▸ Exercise requirements:
From the records below, please repeat exactly the line that has "Horizontal FOV: 64.1°.", the line that has "0.157 0.040 0.826", and every line between them, and nothing else.

▸ Source records:
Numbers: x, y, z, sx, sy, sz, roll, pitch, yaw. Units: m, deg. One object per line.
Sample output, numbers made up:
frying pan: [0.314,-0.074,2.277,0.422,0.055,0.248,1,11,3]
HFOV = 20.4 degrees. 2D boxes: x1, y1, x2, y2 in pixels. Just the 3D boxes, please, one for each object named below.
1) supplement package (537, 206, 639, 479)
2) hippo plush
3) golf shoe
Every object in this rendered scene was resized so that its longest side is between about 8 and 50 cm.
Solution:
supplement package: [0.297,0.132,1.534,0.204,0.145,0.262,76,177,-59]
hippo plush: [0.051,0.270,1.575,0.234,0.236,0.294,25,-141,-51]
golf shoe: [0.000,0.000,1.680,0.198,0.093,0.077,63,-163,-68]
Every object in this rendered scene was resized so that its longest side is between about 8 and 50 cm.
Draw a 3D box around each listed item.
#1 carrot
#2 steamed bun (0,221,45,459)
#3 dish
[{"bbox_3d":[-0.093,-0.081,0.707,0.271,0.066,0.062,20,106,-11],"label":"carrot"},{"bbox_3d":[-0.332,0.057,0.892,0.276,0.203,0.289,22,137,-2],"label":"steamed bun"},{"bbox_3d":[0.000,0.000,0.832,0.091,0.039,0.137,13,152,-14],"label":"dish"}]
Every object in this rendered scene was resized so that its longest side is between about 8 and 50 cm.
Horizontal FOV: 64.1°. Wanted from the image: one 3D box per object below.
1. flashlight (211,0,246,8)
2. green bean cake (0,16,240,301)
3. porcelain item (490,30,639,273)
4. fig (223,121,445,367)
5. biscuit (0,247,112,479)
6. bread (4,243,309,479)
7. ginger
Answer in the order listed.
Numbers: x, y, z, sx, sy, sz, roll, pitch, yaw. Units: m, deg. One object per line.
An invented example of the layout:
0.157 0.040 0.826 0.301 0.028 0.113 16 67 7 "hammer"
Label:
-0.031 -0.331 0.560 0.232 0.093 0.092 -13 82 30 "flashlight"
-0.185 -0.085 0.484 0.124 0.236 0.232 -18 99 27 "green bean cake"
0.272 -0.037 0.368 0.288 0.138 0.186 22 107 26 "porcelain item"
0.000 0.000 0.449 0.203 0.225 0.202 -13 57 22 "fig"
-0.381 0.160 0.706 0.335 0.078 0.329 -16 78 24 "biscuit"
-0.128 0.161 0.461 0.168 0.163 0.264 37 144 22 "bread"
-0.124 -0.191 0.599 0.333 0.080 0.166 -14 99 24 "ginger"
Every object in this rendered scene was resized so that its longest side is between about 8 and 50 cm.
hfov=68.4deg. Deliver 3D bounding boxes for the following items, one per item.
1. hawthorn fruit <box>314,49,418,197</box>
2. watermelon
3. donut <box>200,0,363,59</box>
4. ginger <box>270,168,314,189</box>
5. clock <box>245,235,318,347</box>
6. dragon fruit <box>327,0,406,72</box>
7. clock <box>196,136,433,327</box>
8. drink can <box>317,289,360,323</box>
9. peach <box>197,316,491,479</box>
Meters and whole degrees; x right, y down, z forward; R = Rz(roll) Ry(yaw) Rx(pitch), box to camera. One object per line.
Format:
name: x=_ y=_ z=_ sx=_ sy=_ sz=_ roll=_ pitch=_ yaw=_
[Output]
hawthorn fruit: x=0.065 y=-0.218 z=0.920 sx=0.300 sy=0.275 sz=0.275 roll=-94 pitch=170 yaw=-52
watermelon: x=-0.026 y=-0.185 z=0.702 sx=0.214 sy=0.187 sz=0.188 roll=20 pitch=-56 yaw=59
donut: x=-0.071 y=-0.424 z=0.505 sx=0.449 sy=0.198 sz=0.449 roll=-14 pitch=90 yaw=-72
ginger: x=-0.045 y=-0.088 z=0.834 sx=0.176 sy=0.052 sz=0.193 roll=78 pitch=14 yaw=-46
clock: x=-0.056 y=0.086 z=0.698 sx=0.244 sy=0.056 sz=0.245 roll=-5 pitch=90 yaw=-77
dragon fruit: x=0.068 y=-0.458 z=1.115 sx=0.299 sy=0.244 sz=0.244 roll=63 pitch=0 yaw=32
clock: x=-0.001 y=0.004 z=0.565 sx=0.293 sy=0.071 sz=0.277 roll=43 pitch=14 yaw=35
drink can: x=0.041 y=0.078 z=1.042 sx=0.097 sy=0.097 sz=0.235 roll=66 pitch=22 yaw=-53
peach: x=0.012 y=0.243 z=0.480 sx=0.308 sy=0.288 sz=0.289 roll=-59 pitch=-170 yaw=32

▸ Problem solution:
Horizontal FOV: 64.1°. Wanted from the image: one 3D box per object below.
1. flashlight (211,0,246,8)
2. green bean cake (0,16,240,301)
3. porcelain item (490,30,639,273)
4. fig (223,121,445,367)
5. biscuit (0,247,112,479)
6. bread (4,243,309,479)
7. ginger
Answer in the order listed.
Numbers: x, y, z, sx, sy, sz, roll, pitch, yaw. Units: m, deg. One object per line.
An invented example of the layout:
0.157 0.040 0.826 0.301 0.028 0.113 16 67 7 "hammer"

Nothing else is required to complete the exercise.